For 2) [the surface is a piece of cone, draw it], a parametrization by $(x,y)$ is possible but leads to an integral that requires a polar change of coordinates, so let's use polar coordinate since the beginning: $(r,\theta)\mapsto\phi(r,\theta)=(r\cos\theta,r\sin \theta,1-r)$ where $0\leq\theta< 2\pi$ and $\frac{1}{2}\leq r\leq 1$ . Using this, I get $\partial_r \phi\wedge\partial_\theta \phi=(r\cos\theta,r\sin\theta,r)$ (this is oriented towards the greater values of $z$ , as wanted), so that the flux is $\int_{1/2}^1\int_0^{2\pi} \frac{1}{r}(r^2\cos^2\theta+r\sin\theta)d\theta\,d r=\int_{1/2}^1\int_0^{2\pi}(r\cos^2\theta+\sin\theta)d\theta \,dr$ $=\int_{1/2}^1\int_0^{2\pi}r\cos^2\theta d\theta\,dr=\int_{1/2}^1 rdr\int_0^{2\pi}\cos^2\theta d\theta$ , etc.

For 1), the problem is not very clear: what does the flux "through the z-axis" mean? Let's suppose it is the flux outing the piece of "cylinder". I use the following parametrization of the ellipse: $x=2\cos\theta$ , $y=\sin\theta$ . Then $\phi(\theta,z)=(2\cos\theta,\sin\theta,z)$ gives $\partial_\theta\phi\wedge\partial_z\phi=(\cos\thet a,2\sin\theta,0)$ (this is directed to the "outside") and the flux is (up to errors) $\int_0^{2\pi}\int_0^1 \frac{-6\cos^2\theta-6\sin^2\theta}{4\cos^2\theta+\sin^2\theta}dz\,d\th eta=-6\int_0^{2\pi}\frac{d\theta}{1+3\cos^2\theta}$ , and there are standard methods to compute that (my calculator pretends it is $-6\pi$ ).

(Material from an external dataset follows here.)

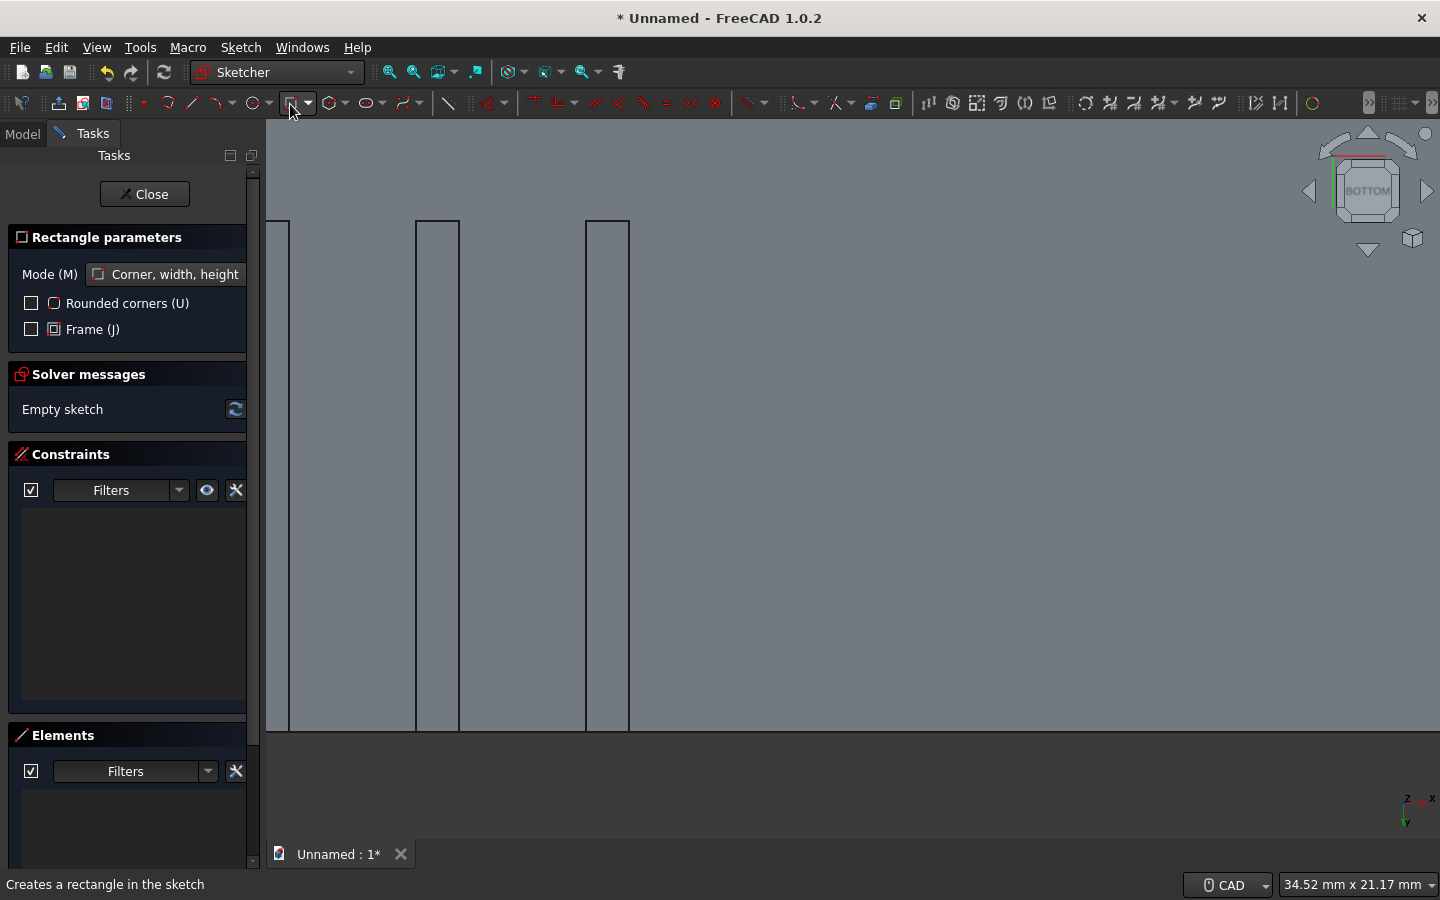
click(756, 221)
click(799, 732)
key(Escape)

I hope there aren't too many errors in my computations. At least, the idea is there.

Laurent.
September 29th 2008, 02:06 PM
Spec

Quote:

Originally Posted by Laurent

$...=-6\int_0^{2\pi}\frac{d\theta}{1+3\cos^2\theta}$ , and there are standard methods to compute that (my calculator pretends it is $-6\pi$ )

That's as far as I got as well, but I can't solve that integral. Is that really a standard integral? And I'm well aware that the divergence theorem requires a closed surface – That's why I mentioned the line integrals you need to subtract because the surface wasn't originally closed.
September 29th 2008, 02:30 PM
Laurent

Then you should perhaps have asked for the integral instead... Anyway, the usual method for integrating rational expressions in trigonometric functions is to procede to the change of variable $t=\tan\frac{\theta}{2}$ , which transforms the problem into integrating a rational function.

This gives $\cos\theta=\frac{1-t^2}{1+t^2}$ and $d\theta=\frac{2dt}{1+t^2}$ . Start writing the integral as four times the integral on $[0,\frac{\pi}{2}]$ to avoid problems with the image of the interval by the change of variable. I let you try that. If you can integrate rational functions, then you can do it (but I don't pretend it is quick and simple, I did not give it a try).

(And I'm not sure about line integrals being possibly involved in any way, but it doesn't matter)
September 30th 2008, 02:03 AM
Laurent

Just an additional hint for the integral (to compute it simply): it leads to $2\int_0^1 \frac{t^2+1}{1-t^2+t^4}dt$ . You have $1-t^2+t^4=(t^2-1)^2-3t^2=(t^2-1+t\sqrt{3})(t^2-1-t\sqrt{3})$ and the partial fraction decomposition is $\frac{t^2+1}{1-t^2+t^4}=\frac{1}{2}\left(\frac{1}{t^2-t\sqrt{3}+1}+\frac{1}{t^2+t\sqrt{3}+1}\right)$ . Now write $t^2-t\sqrt{3}+1=(t-\frac{\sqrt{3}}{2})^2+\frac{1}{4}$ and procede to the change of variable $t\mapsto u=t-\frac{\sqrt{3}}{2}$ so you find arctangents.